Was seeing a case where the following operations are done:
1. daemon is stopped on secondary
2. then mirroring on the group is disabled
3. added/removed image[s] to/from the group
4. enabled group back for mirroring
5. Mirroring daemon is brought back to life
From the handling:
1. Two GroupReplayer's are started by the InstanceReplayer, one for old group
and one for new group (not surprisingly both deal with the same pool images)

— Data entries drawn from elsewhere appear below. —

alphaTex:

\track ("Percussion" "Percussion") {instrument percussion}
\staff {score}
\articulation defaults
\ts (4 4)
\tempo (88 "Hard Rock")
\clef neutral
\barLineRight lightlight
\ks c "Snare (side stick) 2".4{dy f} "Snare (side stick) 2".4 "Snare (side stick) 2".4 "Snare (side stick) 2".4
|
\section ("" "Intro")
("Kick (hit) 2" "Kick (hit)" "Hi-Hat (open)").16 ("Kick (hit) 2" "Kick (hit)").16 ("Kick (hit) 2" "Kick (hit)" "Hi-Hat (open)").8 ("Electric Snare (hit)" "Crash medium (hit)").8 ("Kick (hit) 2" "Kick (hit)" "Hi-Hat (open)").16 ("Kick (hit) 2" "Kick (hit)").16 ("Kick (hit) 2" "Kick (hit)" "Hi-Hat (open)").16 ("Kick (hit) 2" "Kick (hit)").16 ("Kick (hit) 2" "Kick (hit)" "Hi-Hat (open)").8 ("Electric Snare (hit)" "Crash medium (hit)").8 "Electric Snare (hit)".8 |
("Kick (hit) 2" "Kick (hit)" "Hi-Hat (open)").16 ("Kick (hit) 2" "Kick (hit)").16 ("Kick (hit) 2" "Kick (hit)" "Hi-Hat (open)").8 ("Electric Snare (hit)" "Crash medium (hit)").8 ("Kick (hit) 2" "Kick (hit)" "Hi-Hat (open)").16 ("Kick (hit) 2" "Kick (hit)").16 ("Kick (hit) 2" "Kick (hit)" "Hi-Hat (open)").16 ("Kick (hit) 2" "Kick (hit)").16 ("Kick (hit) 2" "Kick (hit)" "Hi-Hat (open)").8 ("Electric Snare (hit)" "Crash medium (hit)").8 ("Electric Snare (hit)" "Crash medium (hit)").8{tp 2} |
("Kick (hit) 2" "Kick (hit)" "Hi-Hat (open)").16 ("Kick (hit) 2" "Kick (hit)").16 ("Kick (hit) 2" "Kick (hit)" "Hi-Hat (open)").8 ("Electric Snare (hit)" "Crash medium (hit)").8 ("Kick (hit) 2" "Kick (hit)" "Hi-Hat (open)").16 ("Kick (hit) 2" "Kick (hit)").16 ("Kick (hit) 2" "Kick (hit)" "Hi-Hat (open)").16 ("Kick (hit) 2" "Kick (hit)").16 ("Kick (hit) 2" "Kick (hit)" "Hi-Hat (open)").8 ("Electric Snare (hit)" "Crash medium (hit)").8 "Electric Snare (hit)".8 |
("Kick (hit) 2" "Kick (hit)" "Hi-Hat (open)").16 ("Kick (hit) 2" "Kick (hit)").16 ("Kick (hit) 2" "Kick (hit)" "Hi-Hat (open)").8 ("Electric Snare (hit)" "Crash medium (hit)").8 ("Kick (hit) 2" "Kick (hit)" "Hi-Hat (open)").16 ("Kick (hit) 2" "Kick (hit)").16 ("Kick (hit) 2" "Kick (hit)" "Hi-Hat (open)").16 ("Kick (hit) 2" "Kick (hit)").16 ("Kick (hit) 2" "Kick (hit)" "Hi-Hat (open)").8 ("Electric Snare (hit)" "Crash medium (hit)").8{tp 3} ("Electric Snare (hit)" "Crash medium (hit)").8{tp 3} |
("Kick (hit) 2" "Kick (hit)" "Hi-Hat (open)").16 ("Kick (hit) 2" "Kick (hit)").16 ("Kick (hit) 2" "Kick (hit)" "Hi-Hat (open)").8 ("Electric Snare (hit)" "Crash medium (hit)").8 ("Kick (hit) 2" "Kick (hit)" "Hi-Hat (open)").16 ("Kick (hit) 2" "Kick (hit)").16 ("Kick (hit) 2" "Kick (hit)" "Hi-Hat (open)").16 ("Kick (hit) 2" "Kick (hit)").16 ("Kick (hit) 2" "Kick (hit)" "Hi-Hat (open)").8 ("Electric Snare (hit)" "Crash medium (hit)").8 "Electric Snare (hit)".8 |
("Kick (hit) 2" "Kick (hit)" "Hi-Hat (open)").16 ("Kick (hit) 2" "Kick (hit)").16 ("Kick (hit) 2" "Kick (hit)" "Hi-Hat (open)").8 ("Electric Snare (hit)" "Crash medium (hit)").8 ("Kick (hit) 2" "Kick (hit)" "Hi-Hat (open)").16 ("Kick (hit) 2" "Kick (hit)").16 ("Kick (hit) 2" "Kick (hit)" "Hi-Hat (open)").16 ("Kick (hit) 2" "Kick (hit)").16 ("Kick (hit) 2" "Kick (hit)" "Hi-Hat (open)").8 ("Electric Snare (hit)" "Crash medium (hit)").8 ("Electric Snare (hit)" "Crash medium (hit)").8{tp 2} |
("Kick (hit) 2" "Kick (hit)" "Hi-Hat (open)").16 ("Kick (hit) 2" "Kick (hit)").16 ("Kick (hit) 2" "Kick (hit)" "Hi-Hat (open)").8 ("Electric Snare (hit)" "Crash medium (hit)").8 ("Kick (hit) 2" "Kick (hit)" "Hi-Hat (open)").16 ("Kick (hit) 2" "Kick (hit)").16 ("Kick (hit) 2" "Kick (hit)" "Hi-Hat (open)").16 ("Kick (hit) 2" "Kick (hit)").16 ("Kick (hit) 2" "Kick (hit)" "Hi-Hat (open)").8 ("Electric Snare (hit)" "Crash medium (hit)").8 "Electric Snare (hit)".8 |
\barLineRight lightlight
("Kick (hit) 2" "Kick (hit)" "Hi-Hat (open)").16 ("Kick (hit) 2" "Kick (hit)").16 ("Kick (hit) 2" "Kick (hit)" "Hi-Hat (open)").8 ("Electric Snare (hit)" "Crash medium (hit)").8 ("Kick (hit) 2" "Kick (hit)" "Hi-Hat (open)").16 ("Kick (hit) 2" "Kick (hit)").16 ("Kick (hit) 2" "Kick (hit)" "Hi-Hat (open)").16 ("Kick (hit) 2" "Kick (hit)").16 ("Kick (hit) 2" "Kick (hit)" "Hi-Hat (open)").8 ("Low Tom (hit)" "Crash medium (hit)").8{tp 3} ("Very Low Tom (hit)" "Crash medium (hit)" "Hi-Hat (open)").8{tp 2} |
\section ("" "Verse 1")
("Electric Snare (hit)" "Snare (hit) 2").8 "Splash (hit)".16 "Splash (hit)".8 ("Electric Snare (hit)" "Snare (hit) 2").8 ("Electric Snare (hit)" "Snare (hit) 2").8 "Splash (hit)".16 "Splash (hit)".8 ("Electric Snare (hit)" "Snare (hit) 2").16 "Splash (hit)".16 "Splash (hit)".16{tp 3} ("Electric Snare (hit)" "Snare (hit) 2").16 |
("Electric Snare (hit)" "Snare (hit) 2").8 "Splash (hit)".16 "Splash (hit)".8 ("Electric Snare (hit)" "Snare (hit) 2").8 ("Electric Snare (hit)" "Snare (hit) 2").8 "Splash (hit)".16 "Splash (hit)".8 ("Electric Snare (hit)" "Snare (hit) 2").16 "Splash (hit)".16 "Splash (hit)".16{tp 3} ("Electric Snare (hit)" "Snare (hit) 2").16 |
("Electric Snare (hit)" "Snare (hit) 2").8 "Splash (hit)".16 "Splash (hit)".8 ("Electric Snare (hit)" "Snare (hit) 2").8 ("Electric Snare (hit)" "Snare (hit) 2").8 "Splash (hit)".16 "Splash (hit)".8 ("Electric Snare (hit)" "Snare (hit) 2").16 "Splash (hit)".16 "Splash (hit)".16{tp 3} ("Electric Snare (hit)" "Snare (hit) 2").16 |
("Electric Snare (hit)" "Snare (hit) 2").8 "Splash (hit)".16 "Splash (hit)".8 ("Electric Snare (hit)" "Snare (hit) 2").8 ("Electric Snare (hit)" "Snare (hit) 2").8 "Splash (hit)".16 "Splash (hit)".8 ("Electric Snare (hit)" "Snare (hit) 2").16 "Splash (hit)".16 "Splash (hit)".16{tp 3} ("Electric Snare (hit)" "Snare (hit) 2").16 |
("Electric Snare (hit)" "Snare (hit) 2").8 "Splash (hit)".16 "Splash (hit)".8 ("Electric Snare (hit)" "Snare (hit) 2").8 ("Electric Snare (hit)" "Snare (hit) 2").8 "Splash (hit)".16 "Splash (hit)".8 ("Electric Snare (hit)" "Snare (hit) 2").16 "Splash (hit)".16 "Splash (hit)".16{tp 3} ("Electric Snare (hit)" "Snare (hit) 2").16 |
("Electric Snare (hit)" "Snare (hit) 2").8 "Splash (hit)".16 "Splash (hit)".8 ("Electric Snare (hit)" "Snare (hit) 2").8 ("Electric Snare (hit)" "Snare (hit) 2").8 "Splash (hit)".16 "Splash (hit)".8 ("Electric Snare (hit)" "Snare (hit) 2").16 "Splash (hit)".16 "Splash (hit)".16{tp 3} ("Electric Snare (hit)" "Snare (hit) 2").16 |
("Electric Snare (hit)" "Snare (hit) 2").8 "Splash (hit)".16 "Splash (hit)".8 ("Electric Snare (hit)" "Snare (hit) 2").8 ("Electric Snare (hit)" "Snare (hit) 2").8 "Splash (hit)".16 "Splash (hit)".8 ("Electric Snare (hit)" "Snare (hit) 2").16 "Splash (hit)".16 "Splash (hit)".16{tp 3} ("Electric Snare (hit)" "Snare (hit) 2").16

2. The GroupReplayer for old group instance enters into
group_replayer::BootstrapRequest, notices remote_group_id is not found, and
starts cleaning-up the group, """tries to remove local group and all the
images. Finally returns to GroupReplayer, stop the GroupReplayer setting
the state as stopped with description group removed and finally unregister
admin socket hook."""
3. On the other hand the GroupReplayer for new group instance runs in concurrent
to the old one, figures out local group_id by name exists and """tries to
remove local group and all the images. Finally returns to GroupReplayer,
stop the GroupReplayer setting the state as stopped with description group
removed and finally unregister admin socket hook."""
You can see 2 and 3 are ending up in the same situation because of the
concurrent behaviour. i.e one has to add the group with a name and create
images in the pool. Where as the other has to remove the group with same name
from the same pool.
Thanks to Ilya for the suggestion here, according to the suggestion the
fix is simple. The way this is handled for standalone images is that the
second replayer (i.e. (3)) sees that the image is in MIRROR_IMAGE_STATE_DISABLING
state and backs off (i.e.second group waits and retries later).
If the second replayer backs off with ERESTART, the first replayer should
eventually clean up the old group which would allow the second replayer to
proceed with creating a new group.
fixes: issue#27
Signed-off-by: Prasanna Kumar Kalever <prasanna.kalever@redhat.com>
return;
}
+ if (m_local_mirror_group.state == cls::rbd::MIRROR_GROUP_STATE_DISABLING) {
+ derr << "group with same name exists: " << m_group_name
+ << " and is currently disabling" << dendl;
+ finish(-ERESTART); // The other group replayer might be removing the
+ // group already, so wait and retry later.
+ return;
+ }
+
dout(20) << m_local_mirror_group << dendl;
list_local_group_snapshots();